Given records:
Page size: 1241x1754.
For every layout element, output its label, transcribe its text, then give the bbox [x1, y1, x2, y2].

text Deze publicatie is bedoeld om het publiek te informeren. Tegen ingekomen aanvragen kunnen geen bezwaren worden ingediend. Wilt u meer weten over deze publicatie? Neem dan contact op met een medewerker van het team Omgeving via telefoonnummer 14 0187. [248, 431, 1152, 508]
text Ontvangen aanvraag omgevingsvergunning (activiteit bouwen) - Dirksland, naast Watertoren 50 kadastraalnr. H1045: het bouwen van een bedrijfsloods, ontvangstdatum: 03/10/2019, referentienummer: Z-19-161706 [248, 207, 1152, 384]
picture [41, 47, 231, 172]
...
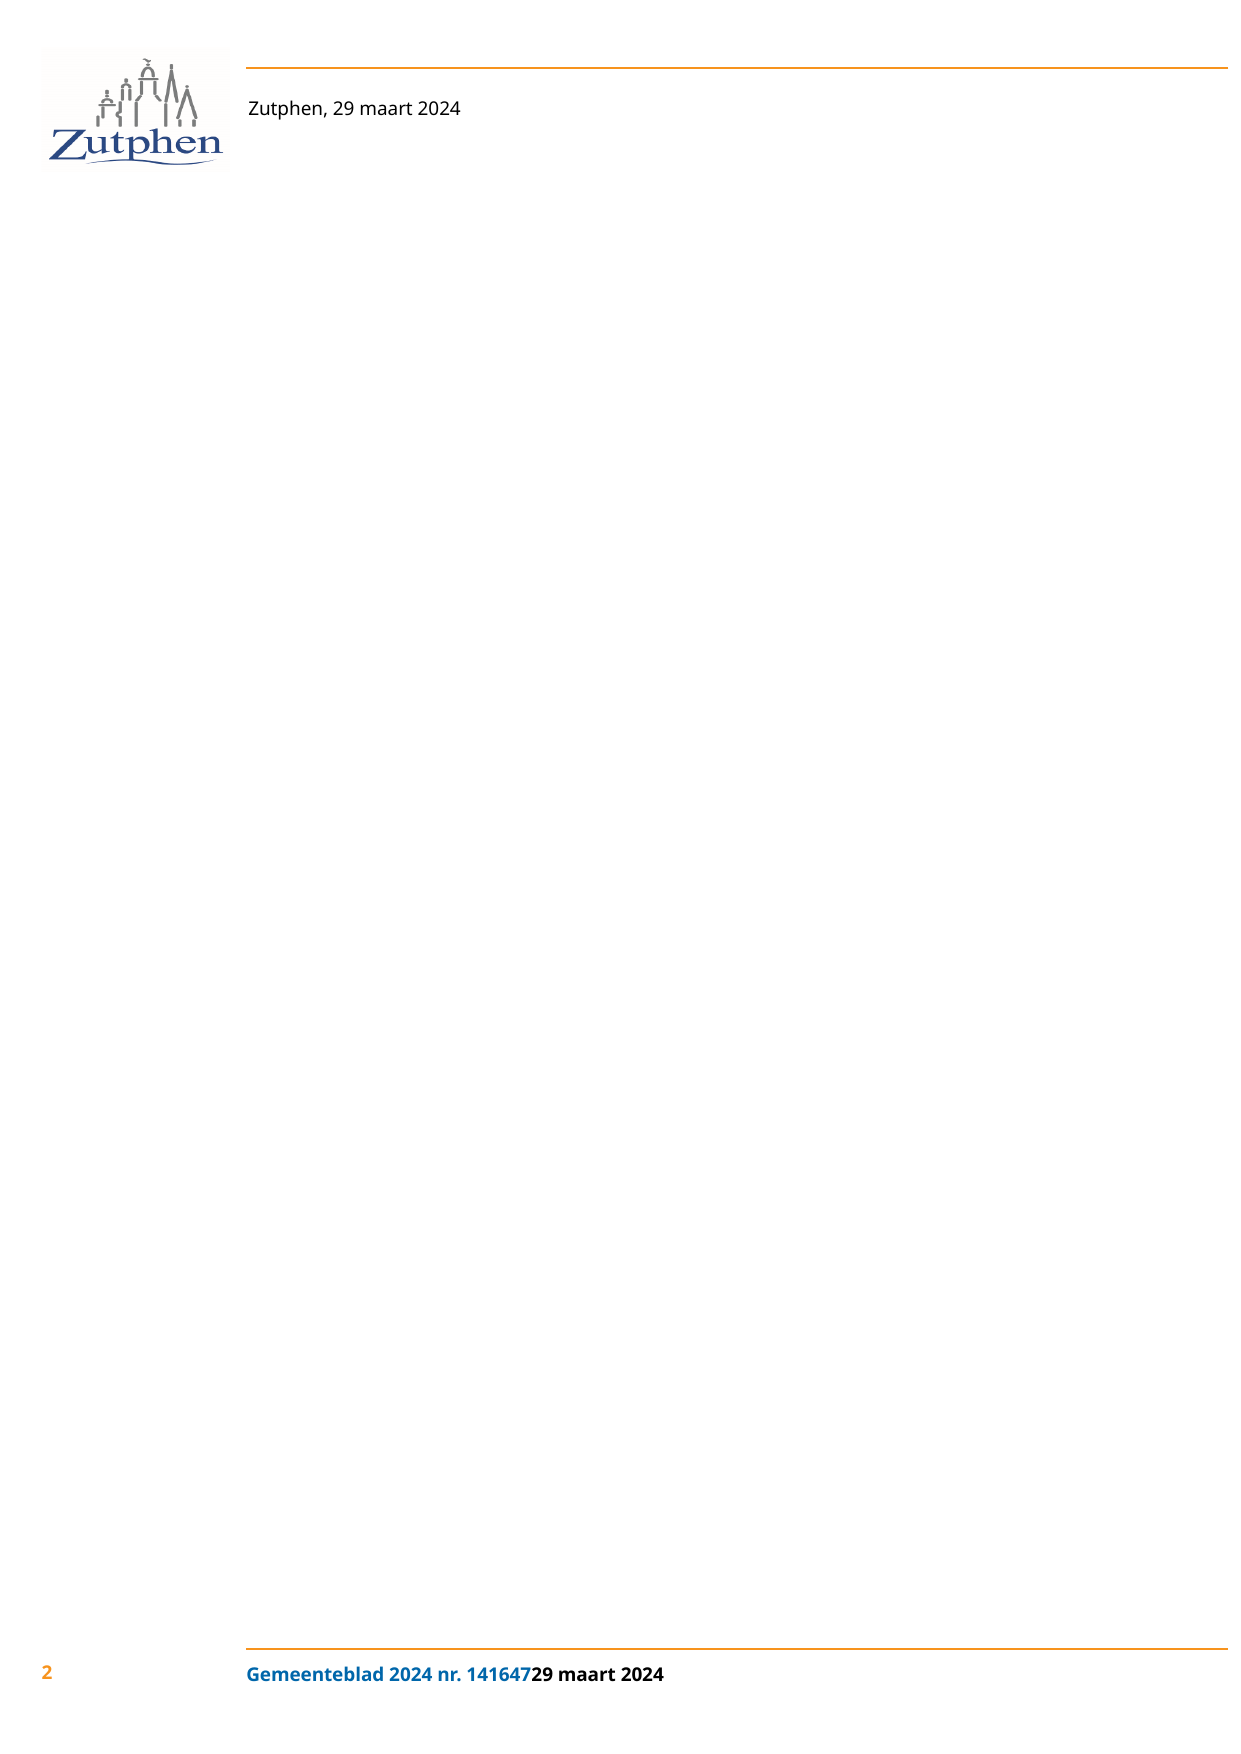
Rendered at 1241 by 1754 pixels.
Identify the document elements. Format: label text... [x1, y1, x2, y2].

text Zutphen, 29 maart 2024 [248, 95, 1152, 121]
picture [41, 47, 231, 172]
* * *
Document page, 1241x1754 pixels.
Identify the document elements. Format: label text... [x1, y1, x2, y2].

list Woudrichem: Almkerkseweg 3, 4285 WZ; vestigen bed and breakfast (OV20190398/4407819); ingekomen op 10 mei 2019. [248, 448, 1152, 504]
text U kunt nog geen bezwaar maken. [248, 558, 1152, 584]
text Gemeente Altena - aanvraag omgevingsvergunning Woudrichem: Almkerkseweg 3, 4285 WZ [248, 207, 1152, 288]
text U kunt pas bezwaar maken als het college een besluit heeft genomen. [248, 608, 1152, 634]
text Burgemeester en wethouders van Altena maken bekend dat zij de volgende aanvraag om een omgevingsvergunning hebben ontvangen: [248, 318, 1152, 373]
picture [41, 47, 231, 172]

Exercise: Each line of the data above containing the string "pixels" is to be copied.

Expected output:
Rendered at 1241 by 1754 pixels.
Document page, 1241x1754 pixels.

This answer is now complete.